- Cover of Buffy the Vampire Slayer Season Eight: The Long Way Home trade paperback collector's edition Art by Jo Chen
- Publisher: Dark Horse Comics
- Publication date: March – June 2007
- Genre: Action/adventure, horror; Based on Buffy the Vampire Slayer; Vampire;
- Title(s): Buffy the Vampire Slayer Season Eight #1-4
- Main character(s): Buffy Summers Xander Harris Willow Rosenberg Dawn Summers Rupert Giles Andrew Wells Amy Madison Warren Mears

Creative team
- Writer: Joss Whedon
- Penciller: Georges Jeanty
- Inker: Andy Owens
- Colorist: Dave Stewart

With respect to the Buffy the Vampire Slayer franchise

= The Long Way Home (Buffy comic) =

2007 comic arc

"The Long Way Home" is the first arc from the Buffy the Vampire Slayer Season Eight series of comic books, a direct continuation of the television series of the same name. It is written by creator Joss Whedon. It ran for four issues. The first issue was released on March 14, 2007, and the final issue of the arc was released on June 6, 2007. A collected edition of the arc was released on November 14, 2007.

==Plot==

===Part I (Issue #1)===
Buffy is leading a squad of Slayers—including three named Leah, Rowena, and Satsu—in a raid on a large, dilapidated church protected by a forcefield. She reveals that there are at least 1800 Slayers now active, 500 of whom are working with the Scooby Gang spread over ten squads. There are two Slayers posing as decoys of her, lest she become an easy target; one literally underground and another in Rome publicly partying and dating the Immortal. Working with Xander, who is running things at Slayer headquarters in Scotland (Buffy refers to him as a Watcher despite his objections) with a team of computer workers, psychics and mystics, including a Slayer named Renee, Buffy and her squad find three monstrous demons. There are also three dead humans.

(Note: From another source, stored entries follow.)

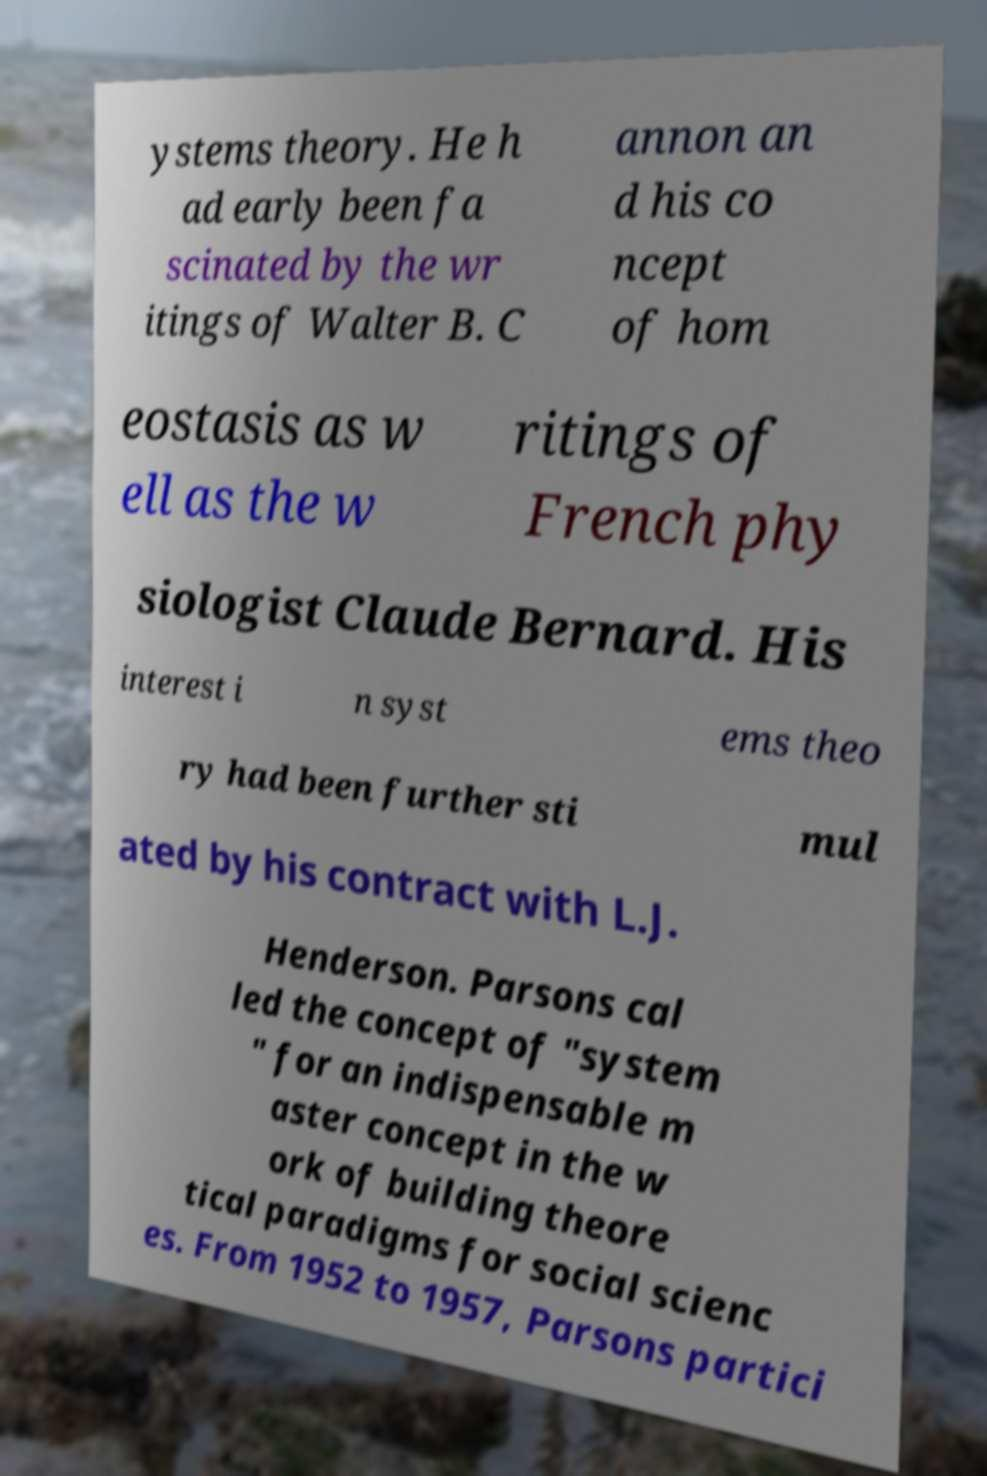Please read and relay the text visible in this image. What does it say? ystems theory. He h ad early been fa scinated by the wr itings of Walter B. C annon an d his co ncept of hom eostasis as w ell as the w ritings of French phy siologist Claude Bernard. His interest i n syst ems theo ry had been further sti mul ated by his contract with L.J. Henderson. Parsons cal led the concept of "system " for an indispensable m aster concept in the w ork of building theore tical paradigms for social scienc es. From 1952 to 1957, Parsons partici 
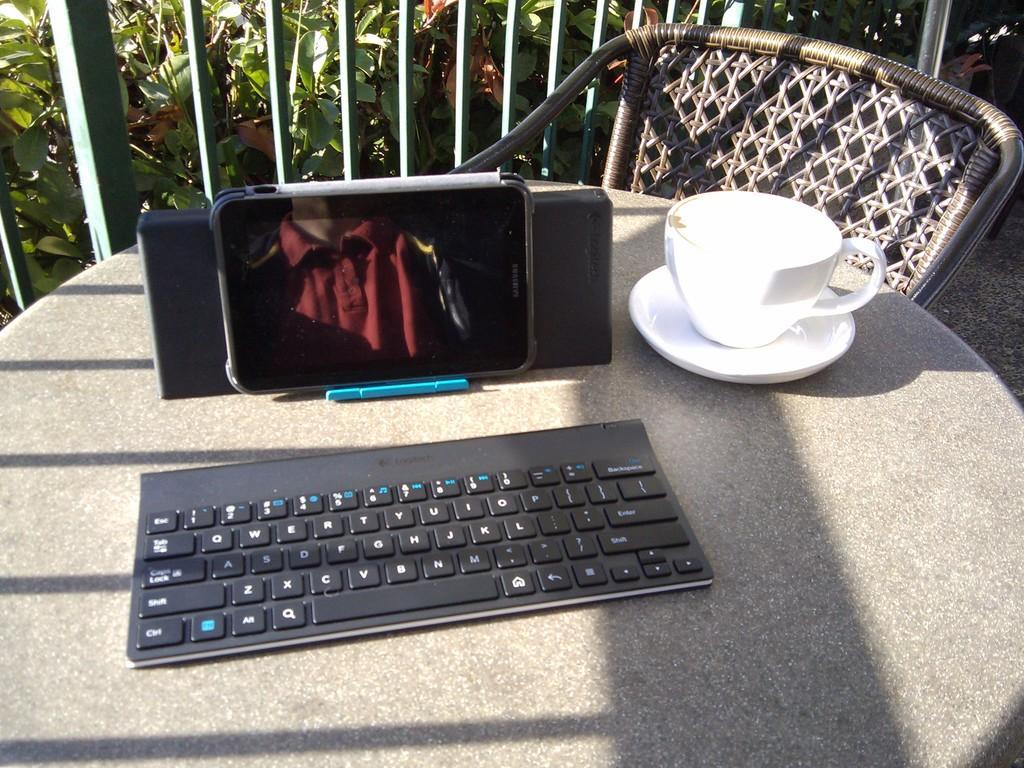Can you describe this image briefly? In this image, we can see a table with some objects like a keyboard, a cup and a mobile phone. We can also see a blue colored object. We can see a chair and some poles. There are a few plants and we can see the ground. 
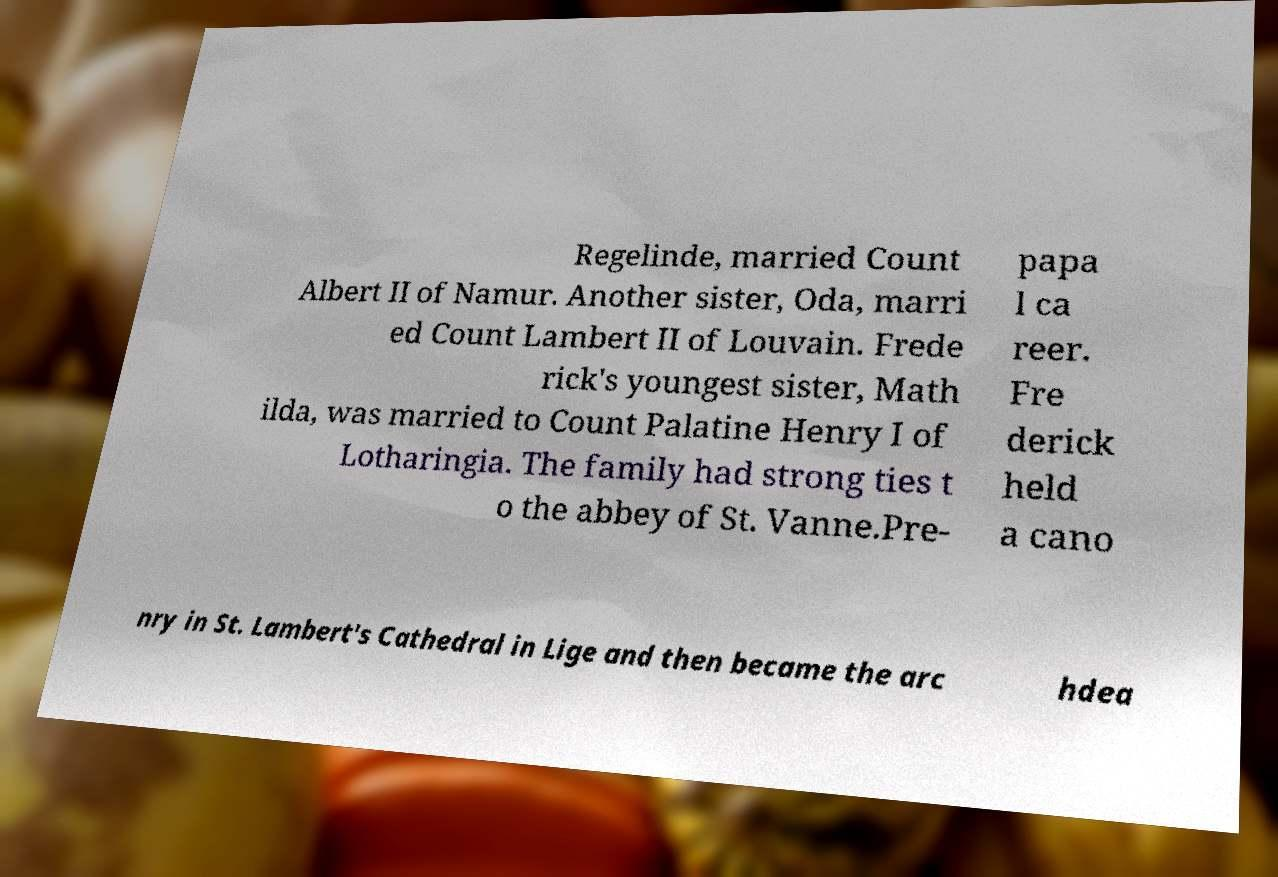What messages or text are displayed in this image? I need them in a readable, typed format. Regelinde, married Count Albert II of Namur. Another sister, Oda, marri ed Count Lambert II of Louvain. Frede rick's youngest sister, Math ilda, was married to Count Palatine Henry I of Lotharingia. The family had strong ties t o the abbey of St. Vanne.Pre- papa l ca reer. Fre derick held a cano nry in St. Lambert's Cathedral in Lige and then became the arc hdea 
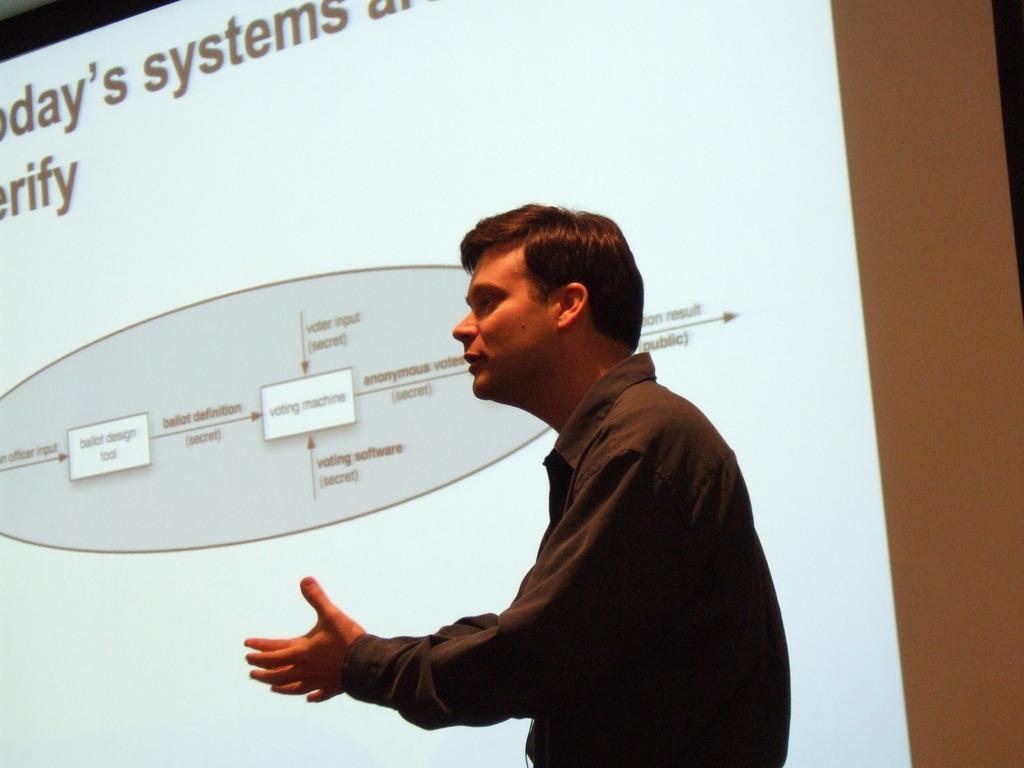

The demons are killed in battle. The humans have odd symbols carved in their chest and there are nearby automatic weapons. Buffy tells Xander to send a copy of the symbol to Giles, when another Slayer finds the machine that generated the force field, also presumably belonging to the victims. There is a shadowed spy nearby.

In Sunnydale, General Voll of the United States Army surveys the crater left after the collapse of the Hellmouth, calling the Slayers a threat to the United States government and likening their squads to terrorist cells. A government expedition is being led sixty feet under the Hellmouth, but is cut short when one of the exploratory members encounters something.

Buffy takes a break from studying the symbol to talk to Dawn. She is now giant-size; the others believe it was because her ex-boyfriend is a 'Thricewise' but Dawn remains quiet on the topic. The two have been feuding since the destruction of Sunnydale. It is revealed the government is working with Amy Madison who wants to destroy the Slayers. Amy has an ally that Voll has captured.

===Part II (Issue #2)===
Giles and Buffy, in different locations, are both disappointed in the fighting techniques of the Slayers they are training. They encourage the groups to use teamwork. Buffy compliments the Slayer Satsu on her skills and hair. In Southern Italy, Andrew is outside with a group of Slayers. He tries to go with a lecture on combat techniques but is distracted with talk of Lando Calrissian.

Xander wonders if Dawn has made herself giant sized to gain attention from her sister; Dawn splashes Xander in return. Elsewhere, General Voll and his assistant discuss possible plans to destroy Buffy and her Slayers, from Amy Madison to a nuclear bomb. It's revealed Voll has the same symbol as the victims Buffy found earlier.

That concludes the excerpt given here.